Today was an emotional day for me. Day 24 of the government shutdown. I don’t know when I will get my next paycheck. I’m one of the 800,000 federal employees that are dealing with this stress. This isn’t political post and I don’t care to engage in any discussions.

Today I opened my email and saw my blood work they took prior to chemo last Friday was ready to be viewed. The full blood work is always in by Monday so nothing new there. However, my tumor marker was run this time and it had increased since it was last drawn on November 30. I have a lot of emotions in my head right now. I am not interested in discussing any at this time.

By sharing this day with you I don’t ask for much. I ask only that you think before you say federal employees deserve this, know this is my personal battle, there are 799,999 other employees that have their own personal battles. So be kind to others and use your words wisely for you never know the battles others are truly facing.


January 3, 2019

This month will be about relearning my body or perhaps I should say learning my new normal. Chemo effects how the muscles recover and I have to learn how quickly they can recover.

I will be using the first couple weeks to discover how many days a week I can do a gym session, how hard I can train and that will determine my training split. On days I can’t do a gym lift my plan will be for an active recovery. Active recoveries will vary but I will always make sure they include squats.

I took an active recovery today.

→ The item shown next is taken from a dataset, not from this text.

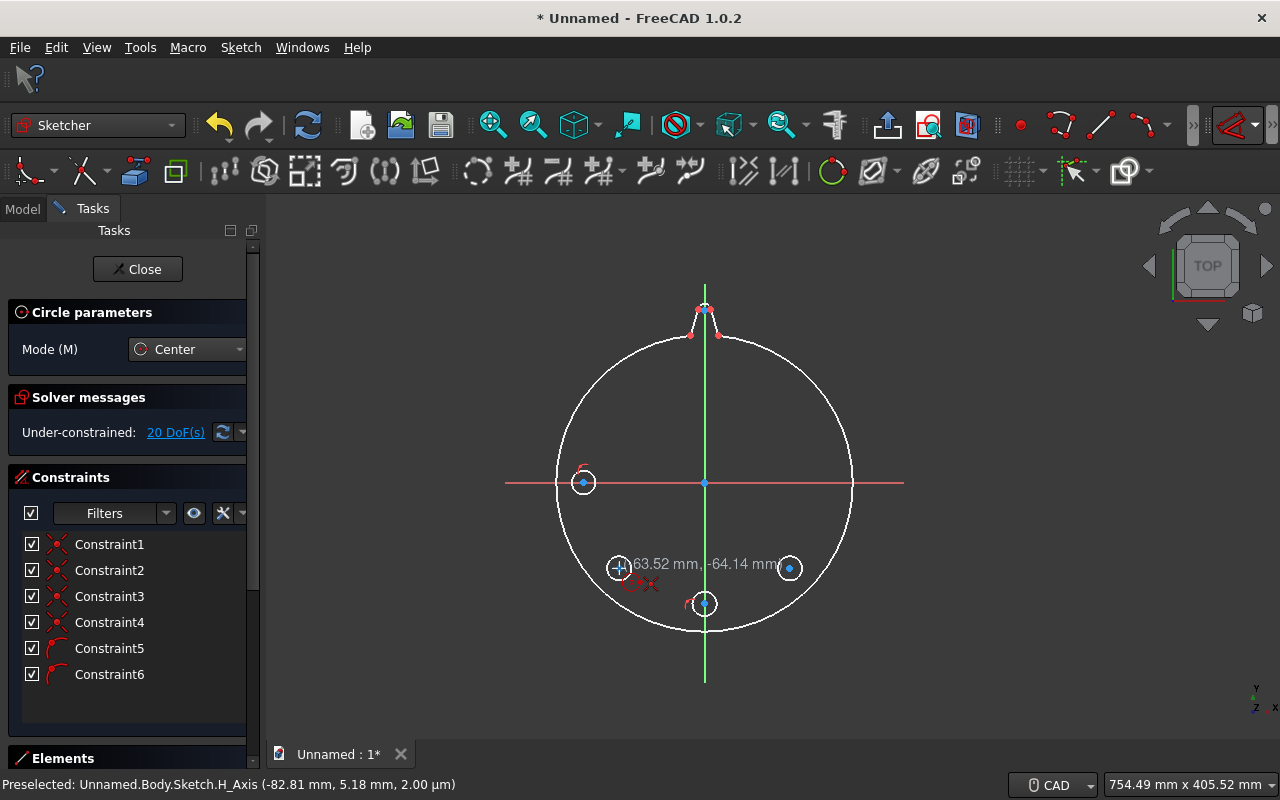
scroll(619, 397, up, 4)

It started with a recovery ride using the peloton app. Then for daily squats today, I did front squats. I kept it simple 3×10 bar only. Now I am guessing I haven’t done front squats in over a year. I will need to start adding those in more if I expect them to improve. I finished with some GHD back extensions(no added weight) and GHD sit ups(no added weight).

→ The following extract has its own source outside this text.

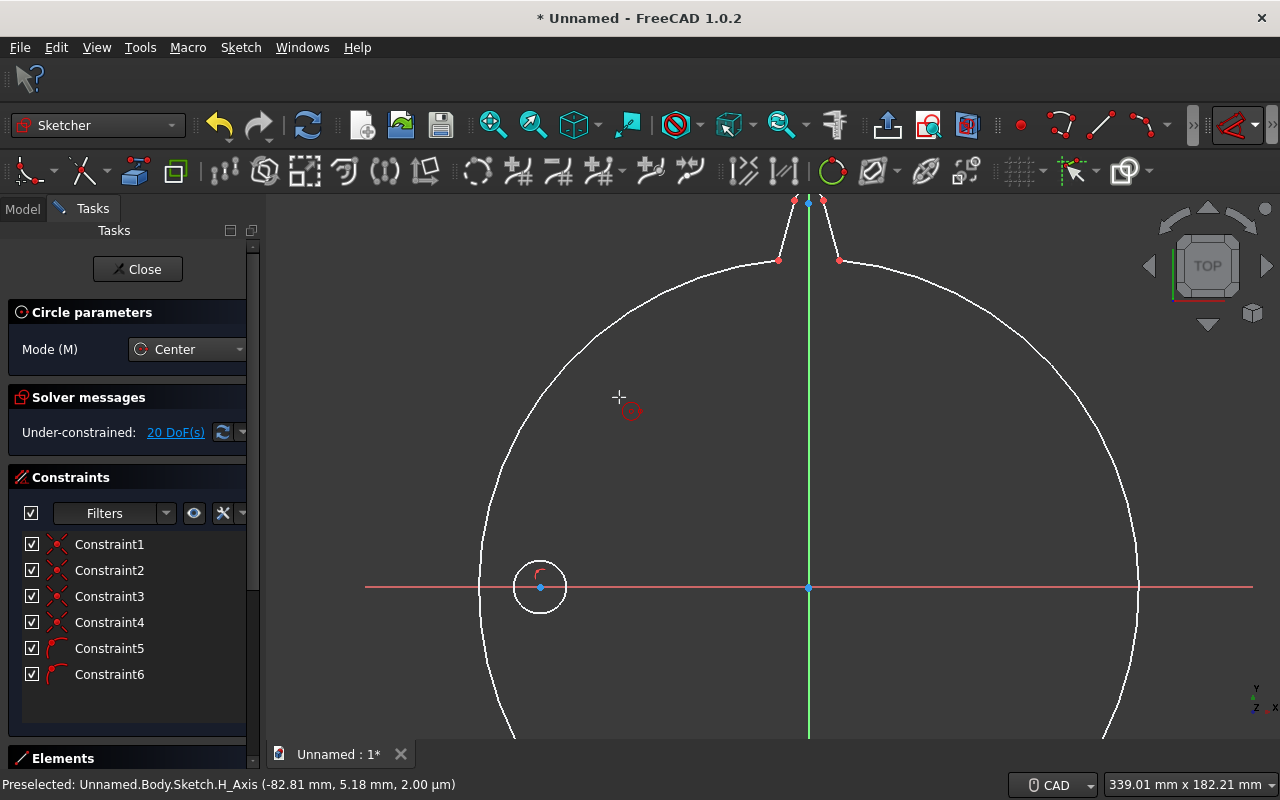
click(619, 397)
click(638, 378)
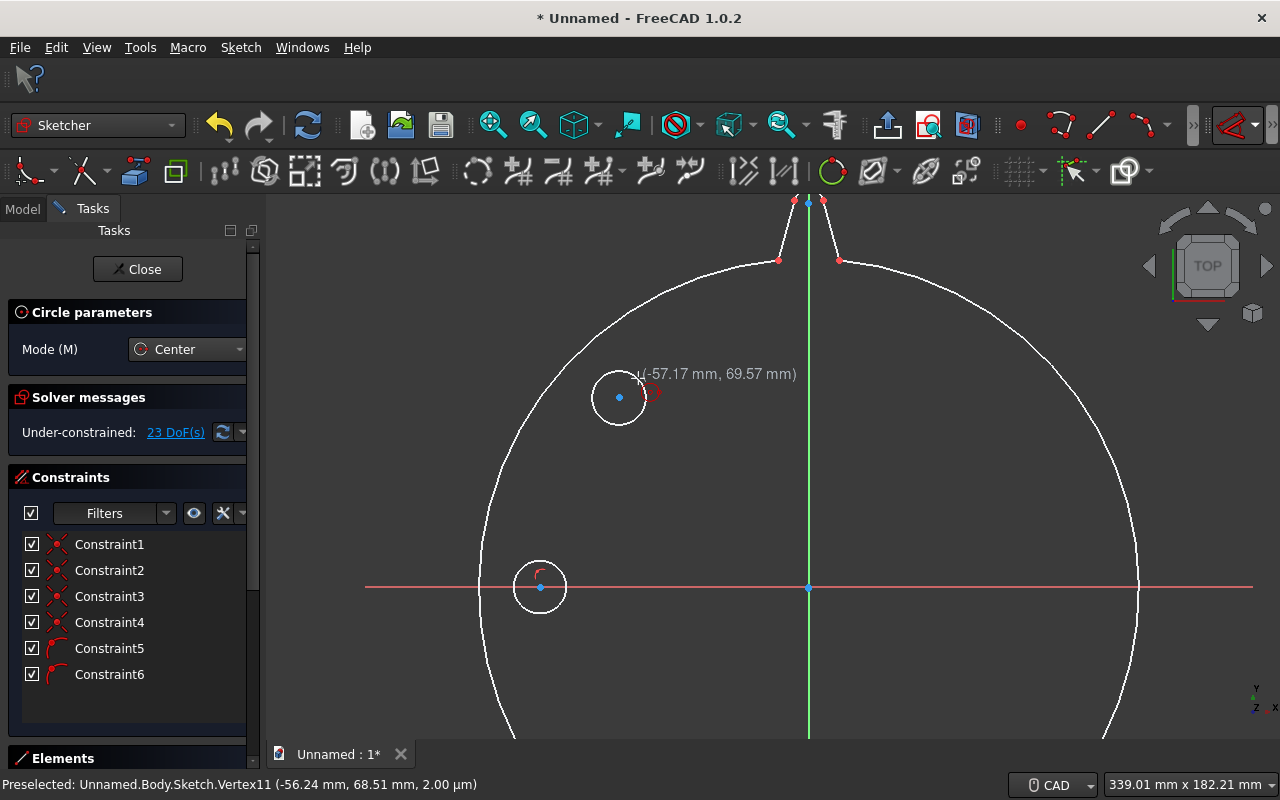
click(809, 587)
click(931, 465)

I hope everyone worked toward their goals today. Have a fantastic evening. Until next time my friends.

January 1, 2019

Happy 2019!!

Everyone feels a certain kind of way about resolutions. I personally, like to make goals and lists. I love them actually. Its like a challenge I must conquer. I know last year I didn’t set any. I didn’t want to. I didn’t want to train, diet or anything that I really enjoyed doing. I couldn’t get into the right mentality for anything. I know I had took a bunch of hits so, I allowed myself to take 2018 off and try to wrap my head around my new normal. It’s a hard thing for me. I was used to being able to do almost everything and now I struggle to do anything. So that was what I used 2018 to do. I gave myself time to mentally heal.

This year I have such a good outlook on everything. I can’t wait for everything I plan on doing. I’m not even going to give spoilers.

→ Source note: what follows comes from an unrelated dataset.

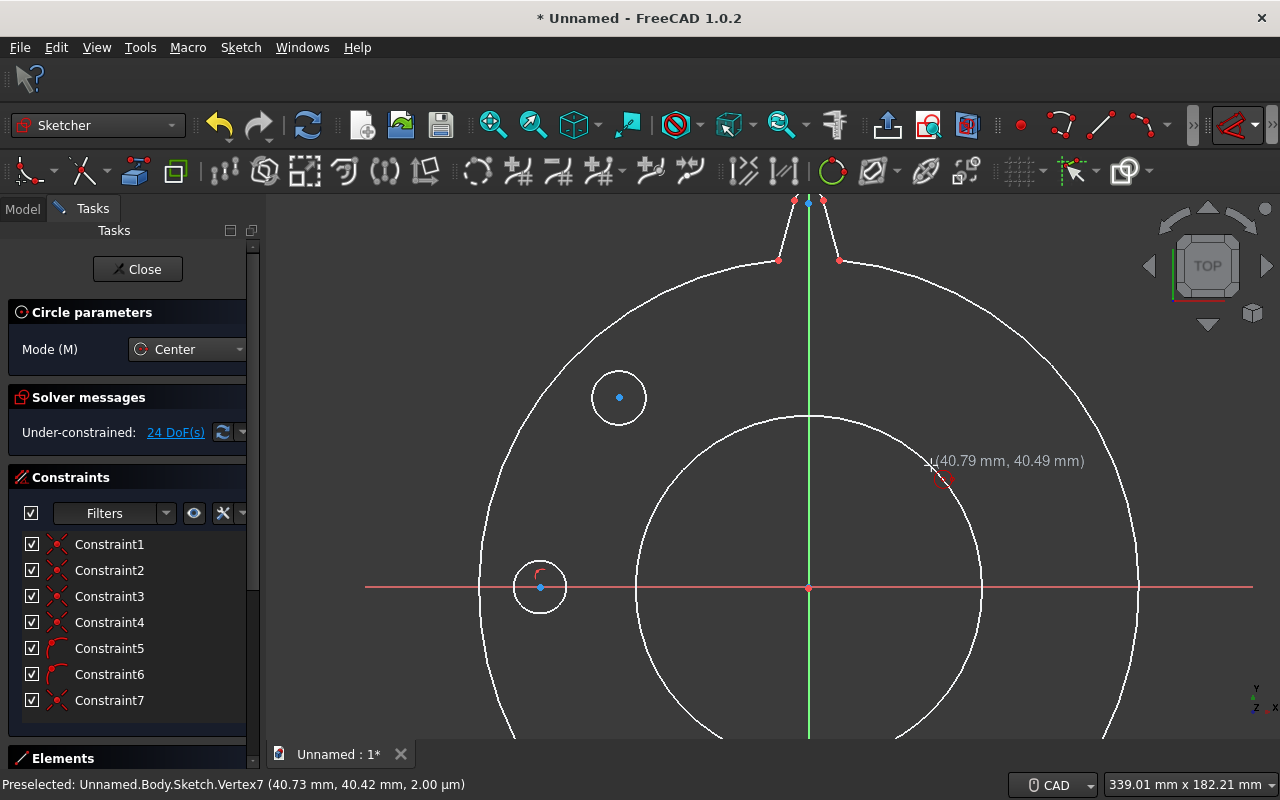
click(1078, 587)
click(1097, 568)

So I started my day off right. I got on my spin bike then right into my home gym for my squats. I went to the gym down the street for a great shoulder workout. I didn’t even break my fast till after 1pm when I was heading up to spend the afternoon with family.

I can’t even express how much I missed the gym. The gym is more than just the physical benefits, its a great outlet for me. For example, if I had a bad day, a good lift would make me feel better. Don’t get me wrong I miss being in shape too but that will come back.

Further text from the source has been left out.